You won’t know whether you answered a question correctly, so what matters is that you are confident in your approach. If you choose an answer choice, choose it for a reason; you might know it is correct, or you might have ruled out others. But no matter what, focus on what you can control: how you approach each problem.
Know what you’re looking for
A Verbal Reasoning tip my students love is specific to Sentence Correction: Do not try to correct the problem. If you read the sentence and think about the words you would use to correct the underlined portion, you’ve wasted precious time.
Follow the Kaplan Method and rule out incorrect answer choices instead of looking for the one that “sounds right.” The tendency to trust your ear is something the GMAT expects you to do, and my students love knowing how to outsmart the test.
Learn to pick your battles
For Integrated Reasoning, my students love knowing they can skip the problems that they struggle with most. As noted in an earlier post, scoring well on Integrated Reasoning demands guessing on some of the questions; knowing which question types take too long or are too difficult allows a student to move through the section efficiently and results in a higher score. My students always find this little tidbit to be a huge relief.
Healthy GMAT prep is about balance
By far the most-loved tip I ever share with students is this one, from Quantitative Reasoning: Balance averages to solve quickly.
Most people are pretty good at finding averages using the average formula: the average equals the sum of the terms over the number of terms. If a question requires determining the score needed on the final test to result in a certain average, it isn’t difficult to plug the information you’re given into that formula and solve. But my students LOVE knowing the balanced average approach. Here’s an example:
Jason scored 88, 94, and 87 on the first three tests in his course.
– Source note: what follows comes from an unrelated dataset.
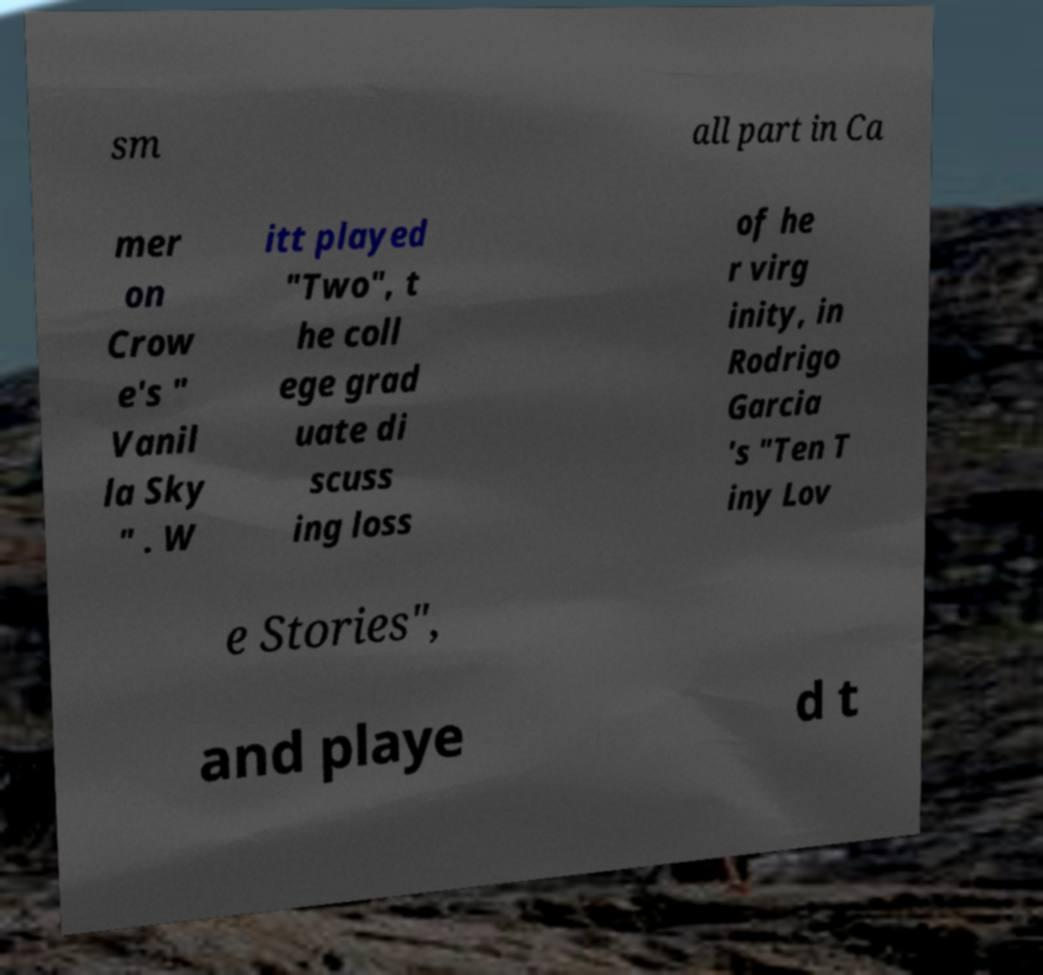Can you read and provide the text displayed in the image?This photo seems to have some interesting text. Can you extract and type it out for me? sm all part in Ca mer on Crow e's " Vanil la Sky " . W itt played "Two", t he coll ege grad uate di scuss ing loss of he r virg inity, in Rodrigo Garcia 's "Ten T iny Lov e Stories", and playe d t 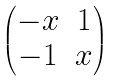Convert formula to latex. <formula><loc_0><loc_0><loc_500><loc_500>\begin{pmatrix} - x & 1 \\ - 1 & x \end{pmatrix}</formula>

What must he score on the fourth test in order to earn an average of 90 in the class?
Put the known scores on the left side of a “scale” and the unknown on the right. The balancing point is the average, so it goes in the fulcrum:
Ask yourself how much Jason “missed” his goal by in each of the scores on the left, and write them under those scores. The first score is -2 points, the second is +4, and the final is -3. The sum of the missing points is -2 + 4 – 3 = -1. That means for the tests to “balance around the average, Jason needs to make the goal average plus the missing point.
This means x must be 90 + 1, so he needs to score a 91 on the last test. This sometimes takes practice to master, but it is my students’ absolute favorite Test Day tip.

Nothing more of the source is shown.